What do you mean by netting? Landscape fabric?

How long ago was this, and where did the mulch come from? Free mulch such as you may get from green waste disposal will have weed seed in it.

Weed seed will blow in over time. Mulch is not the be all, cure all to weed stoppage.

Are the weed rooted on top of, or below your netting/fabric?


----------



## handy man88 (Jan 23, 2007)

HanDIY said:


> I mulched around my back patio last year. I put down some netting over the dirt and then place mulch onto the netting. It didn't take long before weeds over took the mulched area. I am wondering if I did something wrong and if anyone can give advice on the proper way to mulch.
> Thanks


Recommended is at least 3" of mulch. 

Even if weeds sprout, you can easily just spray them down with weed killer.


----------



## downunder (Jun 13, 2008)

> Weed seed will blow in over time. Mulch is not the be all, cure all to weed stoppage.


Kap, absolutely correct!
I have a semi-commercial greenhouse in an area that was once paved. There is about a foot of gravel on top of asphalt. Weeds still get in there through the intake shutters for the ventilation. And this is beside a 12 acre ballfield complex. What was that old song- "blowing in the wind?" :thumbup:

HanDIY,
What is this area next to and do you have anything planted in this mulch or is it just a border around your patio?
I would recommend a pre-emergent herbicide application and possibly a soil sterilant with it. The soil sterilant will damage nearby desirable plants so that is why the question above. Treflan is an excellant pre-emergent for use in flower beds, etc. That is the AI (active ingredient) in Preen. There are others as well. Surflan is one, pendimethalin is another. Pendi is in a lot of crabgrass preventers.

FYI-
The primary reason for using mulch is for moisture conservation as well as soil temperature moderation. Weed reduction is just a convenient by-product.


----------



## handy man88 (Jan 23, 2007)

downunder said:


> Kap, absolutely correct!
> I have a semi-commercial greenhouse in an area that was once paved. There is about a foot of gravel on top of asphalt. Weeds still get in there through the intake shutters for the ventilation. And this is beside a 12 acre ballfield complex. What was that old song- "blowing in the wind?" :thumbup:
> 
> HanDIY,
> ...


One of the drawbacks of mulch is that it becomes food for termites, especially since it keeps the soil moist under it.


----------



## downunder (Jun 13, 2008)

Handy man:

A. Are you saying to use or not to use mulch? Your first post seems to suggest the former; the second the latter.

B. What mulches in particular are food for termites?

C. What is the point of the quotes preceeding the termite information?


Original question seems to be regarding how to keep weeds out of mulch.


----------



## handy man88 (Jan 23, 2007)

downunder said:


> Handy man:
> 
> A. Are you saying to use or not to use mulch? Your first post seems to suggest the former; the second the latter.
> 
> ...


There are pros and cons to mulch. If you have beds far away from the house, there should not be issues.
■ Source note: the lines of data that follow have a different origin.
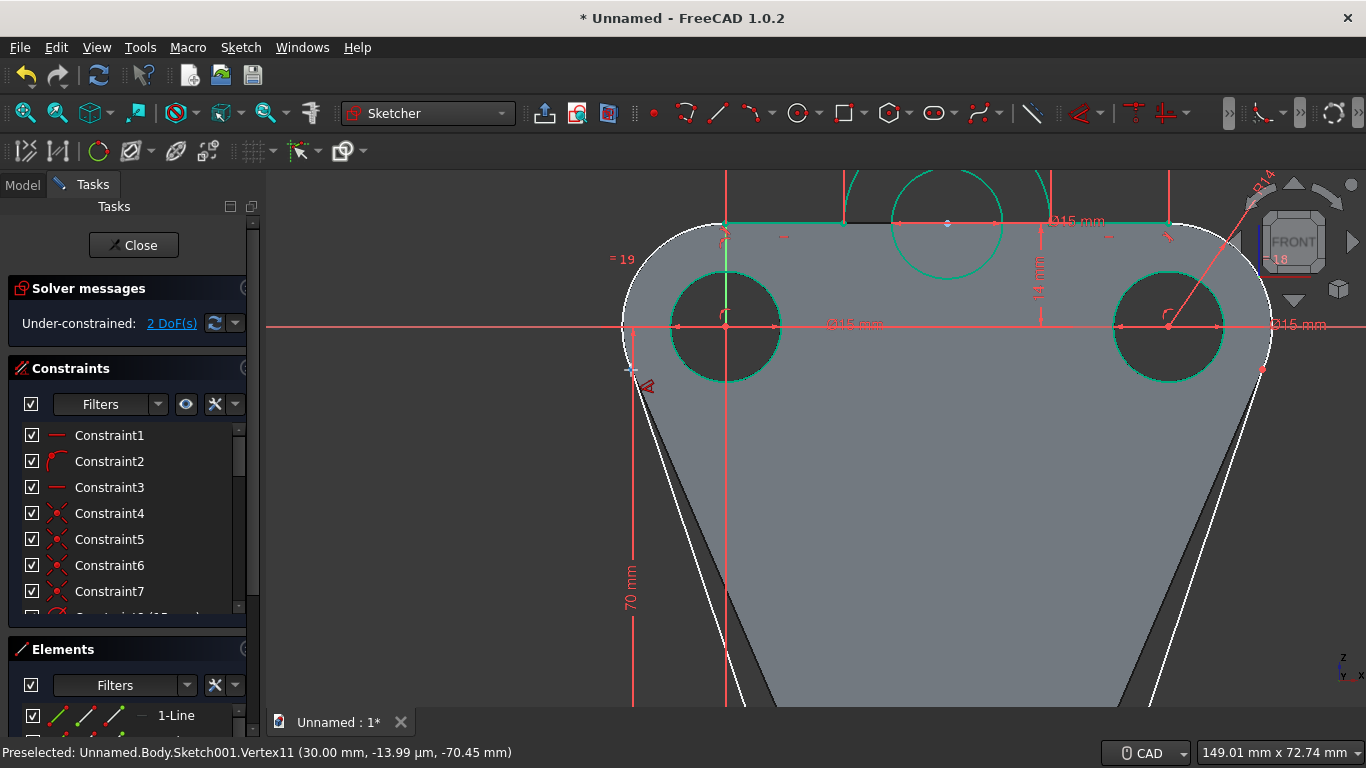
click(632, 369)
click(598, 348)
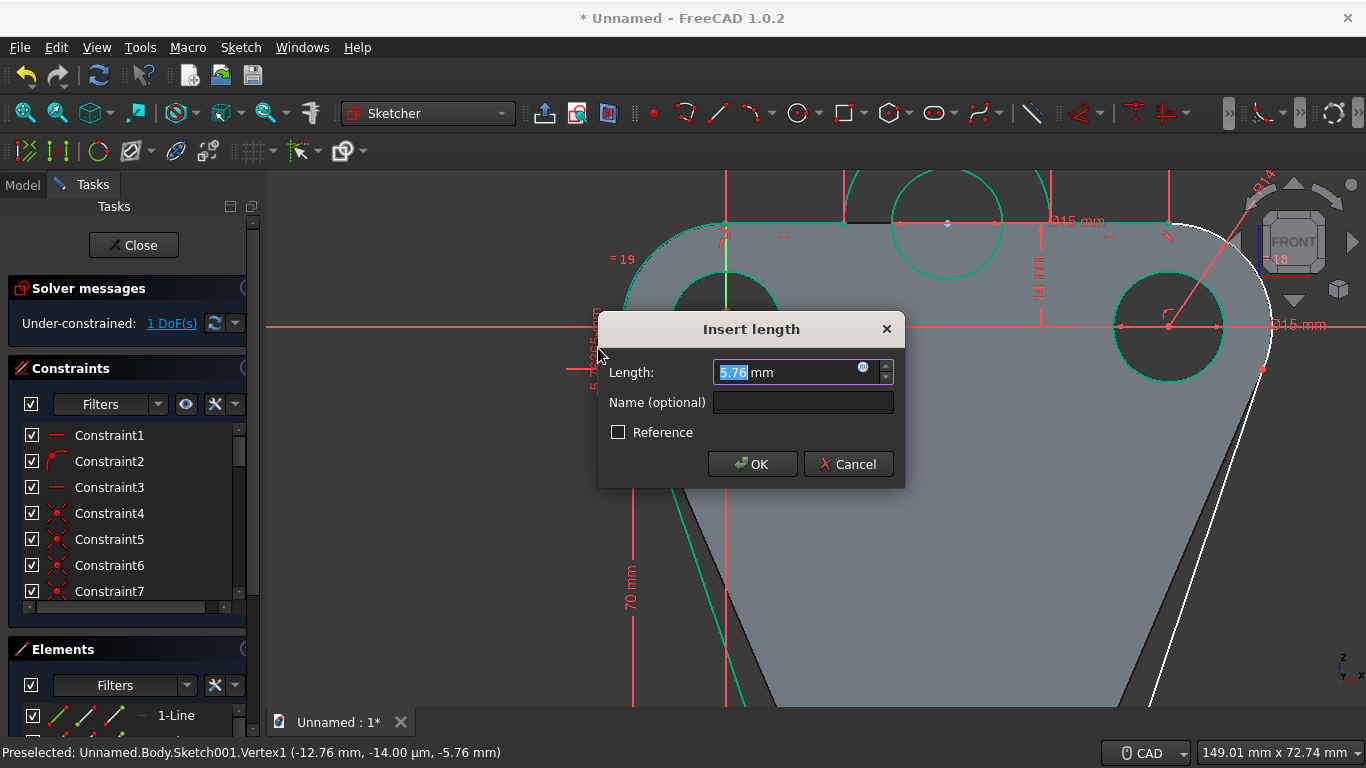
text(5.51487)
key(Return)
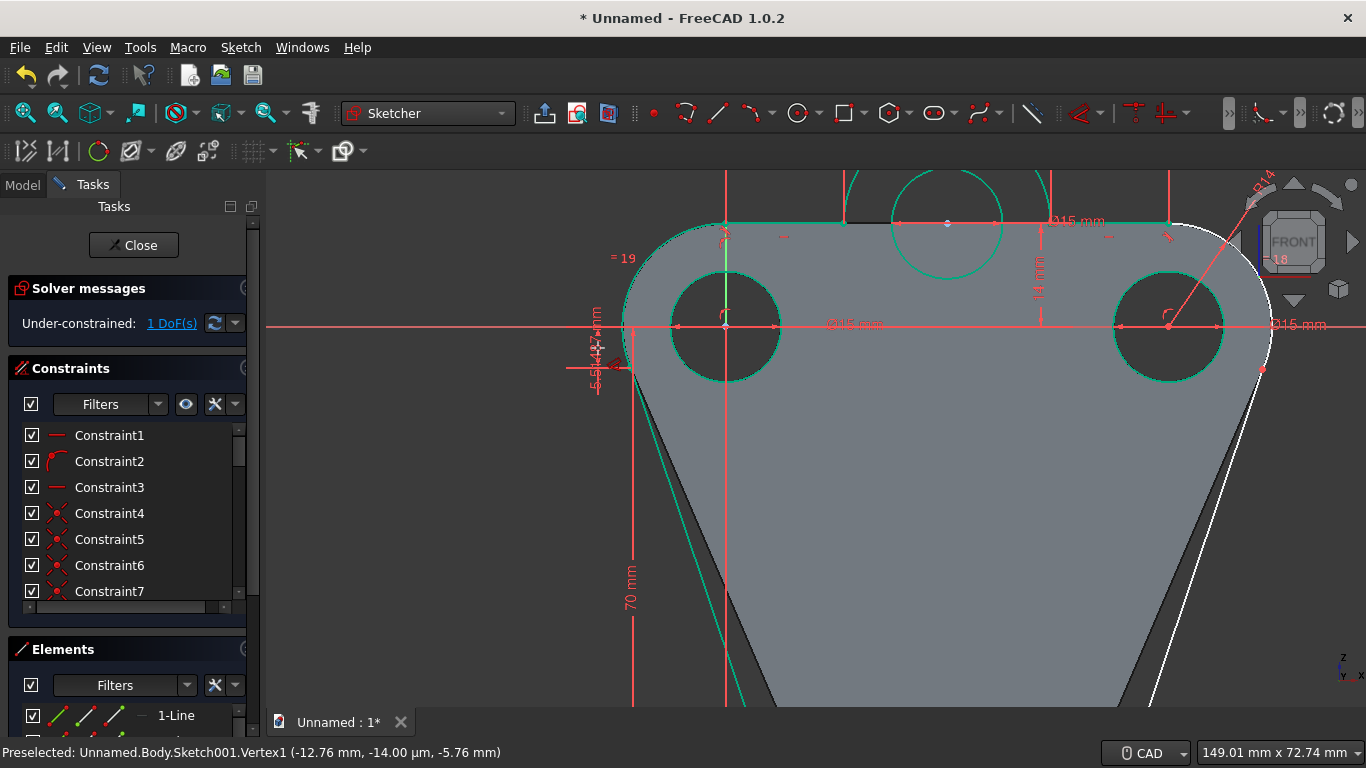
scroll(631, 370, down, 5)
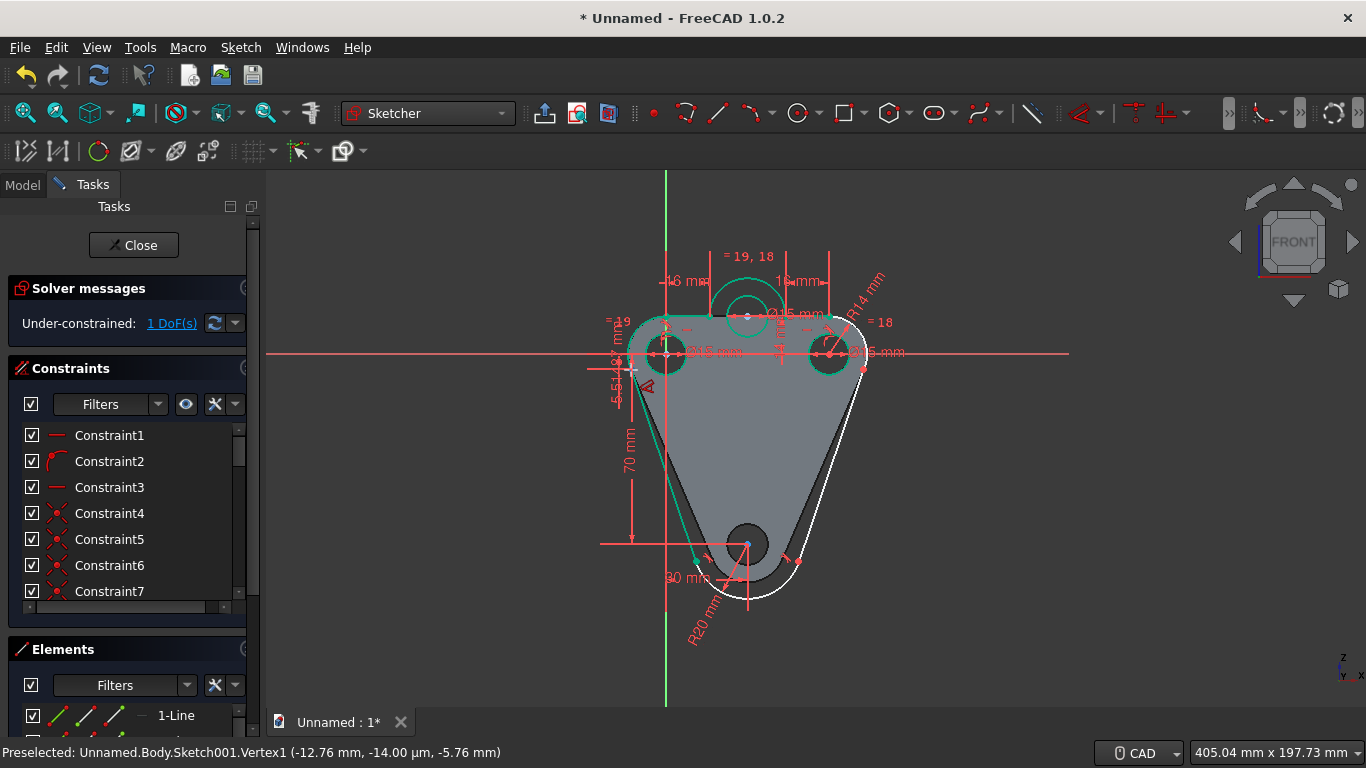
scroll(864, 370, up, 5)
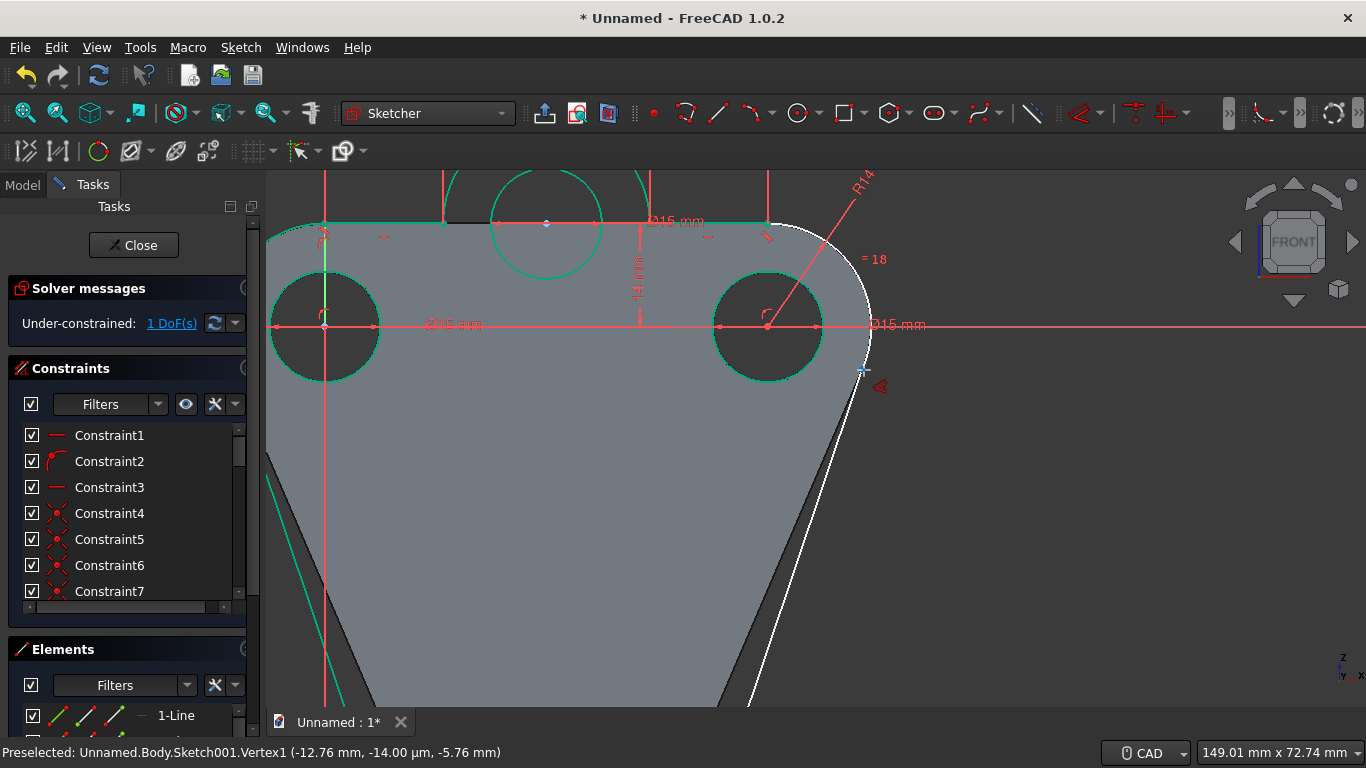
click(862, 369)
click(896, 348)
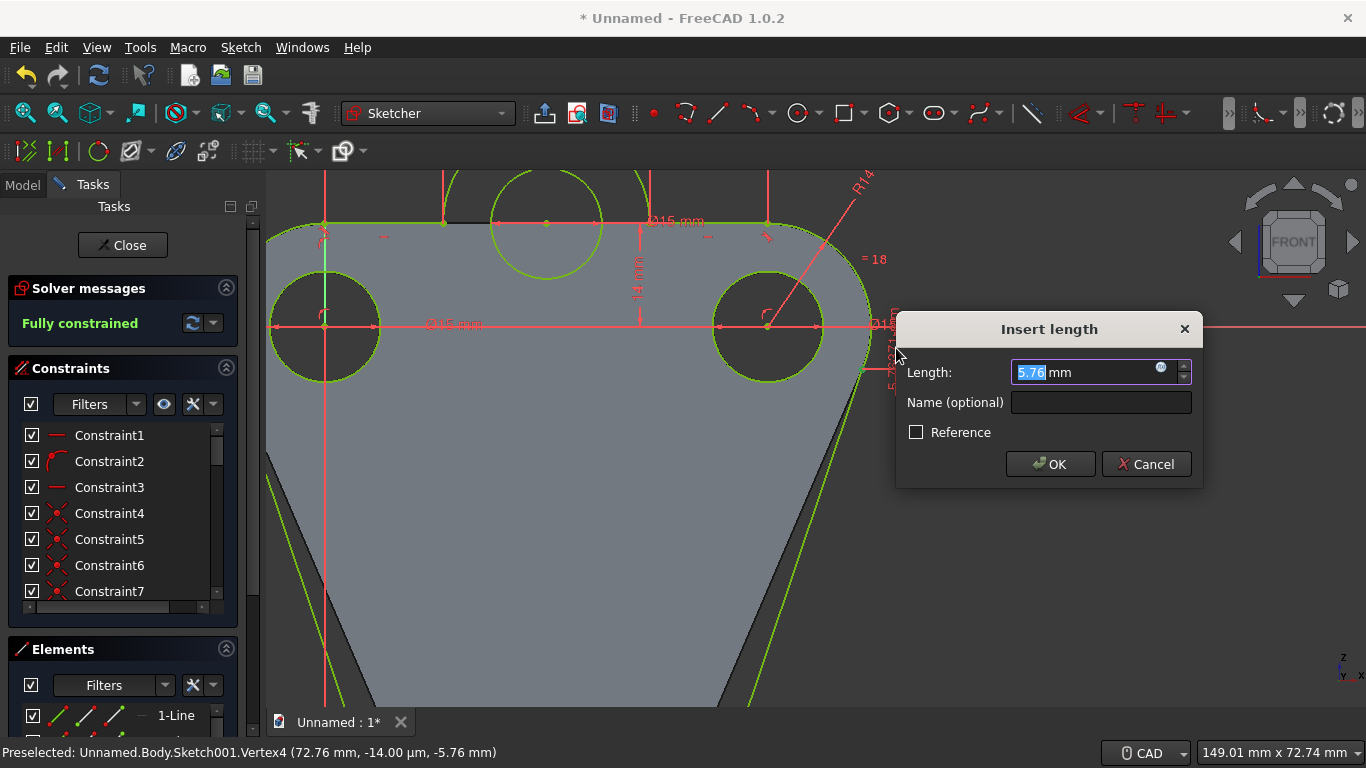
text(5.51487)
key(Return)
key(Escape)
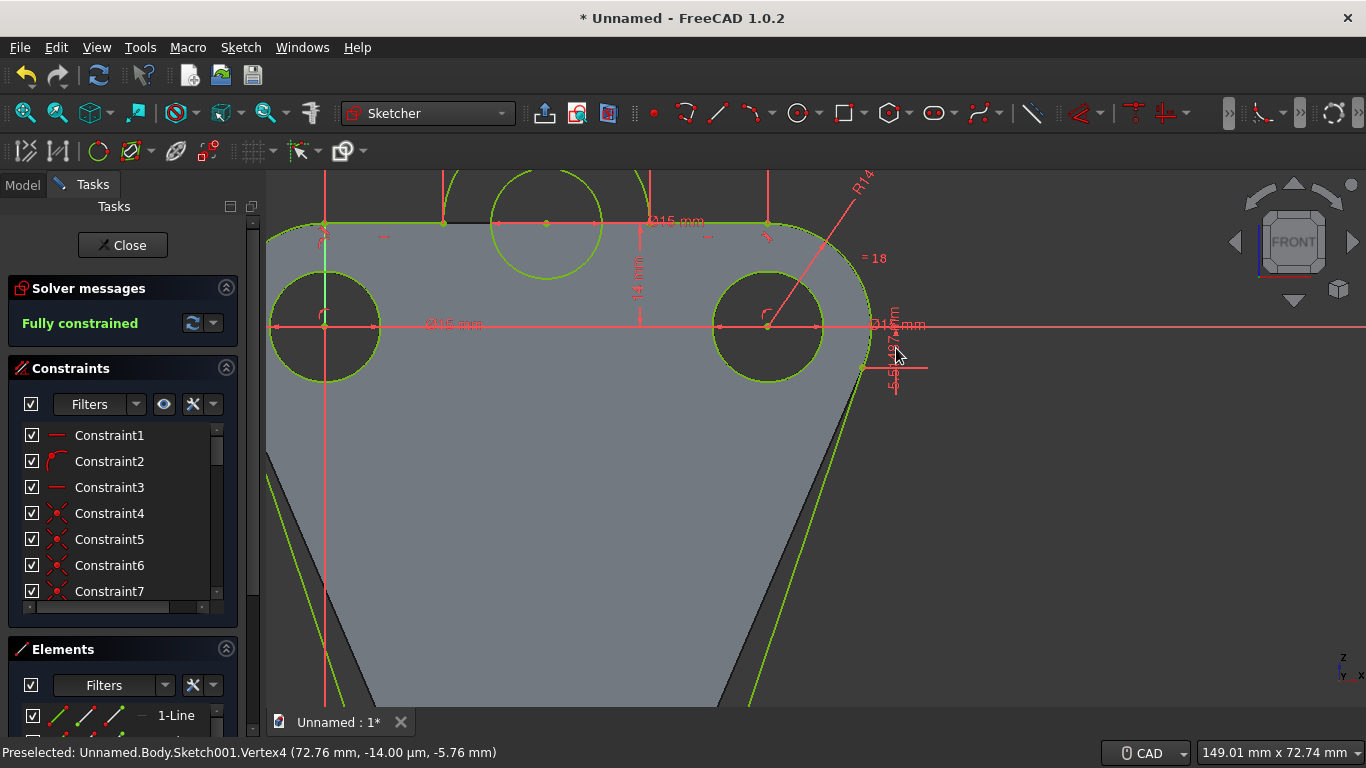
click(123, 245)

Mulch against the foundation may be an issue. Cedar mulch is the most termite resistant, but still, it keeps soil moist underneath which attracts termites. Termites gravitate towards moisture, and wood.

The best thing to keep termites away along the foundation is to lay down plastic tarp, and either put stone or mulch on top of that. This tarp will keep the moisture away from the foundation.


----------



## downunder (Jun 13, 2008)

HanDIY,

In the confusion, did we answer your question?

I think further information would be gained from a search on mulches and take the advice of .edu sites.


----------